══ Records to use ══

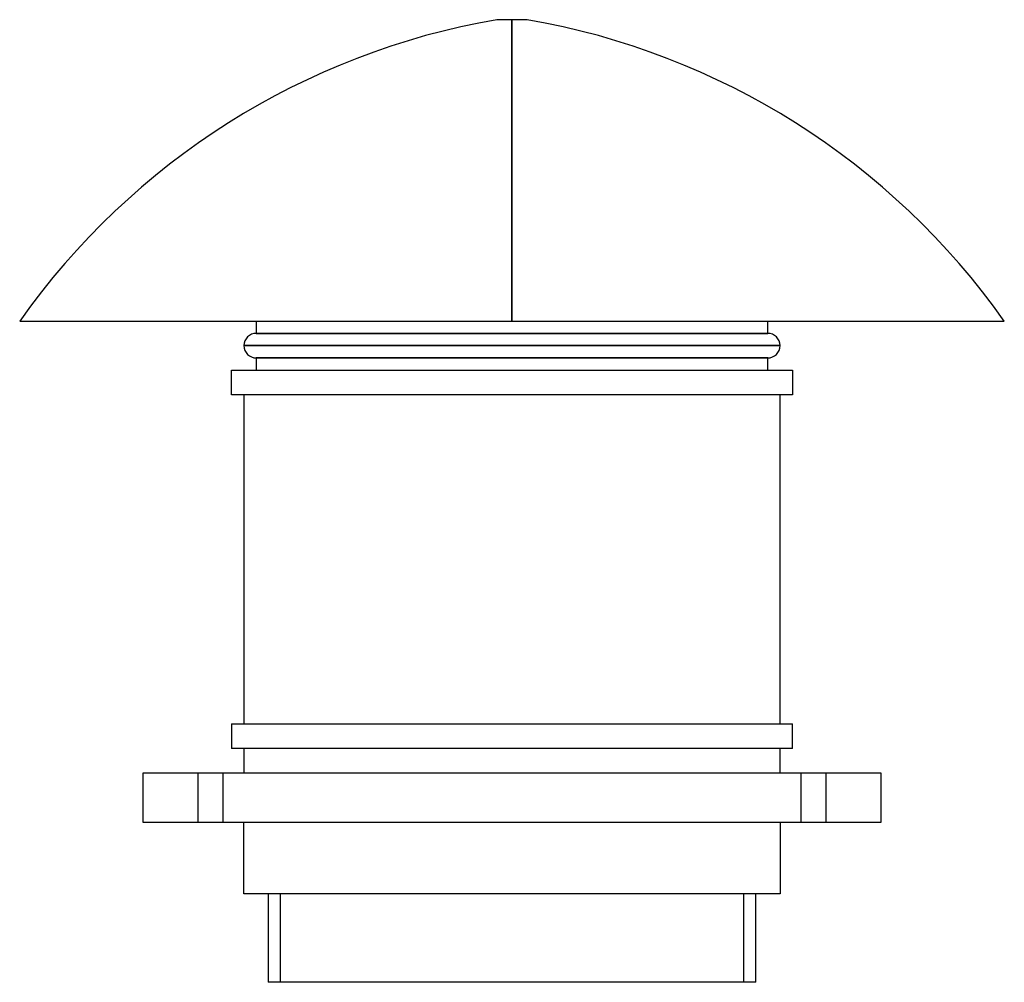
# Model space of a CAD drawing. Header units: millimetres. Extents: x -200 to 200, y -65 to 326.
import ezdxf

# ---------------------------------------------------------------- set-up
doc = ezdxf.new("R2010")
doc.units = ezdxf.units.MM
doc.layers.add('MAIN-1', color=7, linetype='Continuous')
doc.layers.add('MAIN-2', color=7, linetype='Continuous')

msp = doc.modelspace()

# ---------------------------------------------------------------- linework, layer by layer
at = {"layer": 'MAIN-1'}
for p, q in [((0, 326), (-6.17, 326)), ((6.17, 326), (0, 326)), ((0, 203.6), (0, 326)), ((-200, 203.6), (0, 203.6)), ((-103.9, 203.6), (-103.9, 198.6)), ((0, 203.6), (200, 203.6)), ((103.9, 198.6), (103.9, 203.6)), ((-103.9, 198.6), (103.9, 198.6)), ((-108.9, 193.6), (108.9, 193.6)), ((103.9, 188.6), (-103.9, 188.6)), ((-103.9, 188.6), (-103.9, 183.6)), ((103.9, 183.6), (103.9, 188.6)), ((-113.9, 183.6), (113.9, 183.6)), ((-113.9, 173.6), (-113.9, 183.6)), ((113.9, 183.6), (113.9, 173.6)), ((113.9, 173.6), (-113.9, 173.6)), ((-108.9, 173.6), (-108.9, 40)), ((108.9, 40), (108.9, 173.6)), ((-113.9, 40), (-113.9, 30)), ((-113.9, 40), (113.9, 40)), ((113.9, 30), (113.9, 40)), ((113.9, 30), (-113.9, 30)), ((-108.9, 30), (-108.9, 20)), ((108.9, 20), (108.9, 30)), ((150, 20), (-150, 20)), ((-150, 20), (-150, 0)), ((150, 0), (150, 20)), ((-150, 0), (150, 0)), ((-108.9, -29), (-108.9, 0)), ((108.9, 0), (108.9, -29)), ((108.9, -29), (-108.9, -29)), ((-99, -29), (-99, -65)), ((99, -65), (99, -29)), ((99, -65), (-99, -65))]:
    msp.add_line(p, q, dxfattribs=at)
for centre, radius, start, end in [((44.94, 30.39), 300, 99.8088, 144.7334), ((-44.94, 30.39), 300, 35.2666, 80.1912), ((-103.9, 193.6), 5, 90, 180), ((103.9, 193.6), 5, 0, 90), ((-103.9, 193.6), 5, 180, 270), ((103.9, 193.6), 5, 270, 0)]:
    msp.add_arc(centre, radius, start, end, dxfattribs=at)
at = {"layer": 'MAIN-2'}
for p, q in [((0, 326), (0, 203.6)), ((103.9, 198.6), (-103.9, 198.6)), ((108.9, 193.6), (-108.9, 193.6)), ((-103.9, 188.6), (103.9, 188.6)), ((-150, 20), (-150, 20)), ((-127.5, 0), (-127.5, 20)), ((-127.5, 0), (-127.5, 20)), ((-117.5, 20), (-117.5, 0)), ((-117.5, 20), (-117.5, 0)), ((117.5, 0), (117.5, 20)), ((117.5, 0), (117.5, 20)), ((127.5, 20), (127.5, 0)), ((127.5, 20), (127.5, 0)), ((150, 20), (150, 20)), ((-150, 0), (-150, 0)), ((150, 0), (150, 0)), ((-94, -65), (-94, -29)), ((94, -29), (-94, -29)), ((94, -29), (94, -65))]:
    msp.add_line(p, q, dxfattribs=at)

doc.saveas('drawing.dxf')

═══

_Instructions to follow_
Each line in which the string "ezdxf" is found must be copied from the data.

_Finished exercise_
import ezdxf
doc = ezdxf.new("R2010")
doc.units = ezdxf.units.MM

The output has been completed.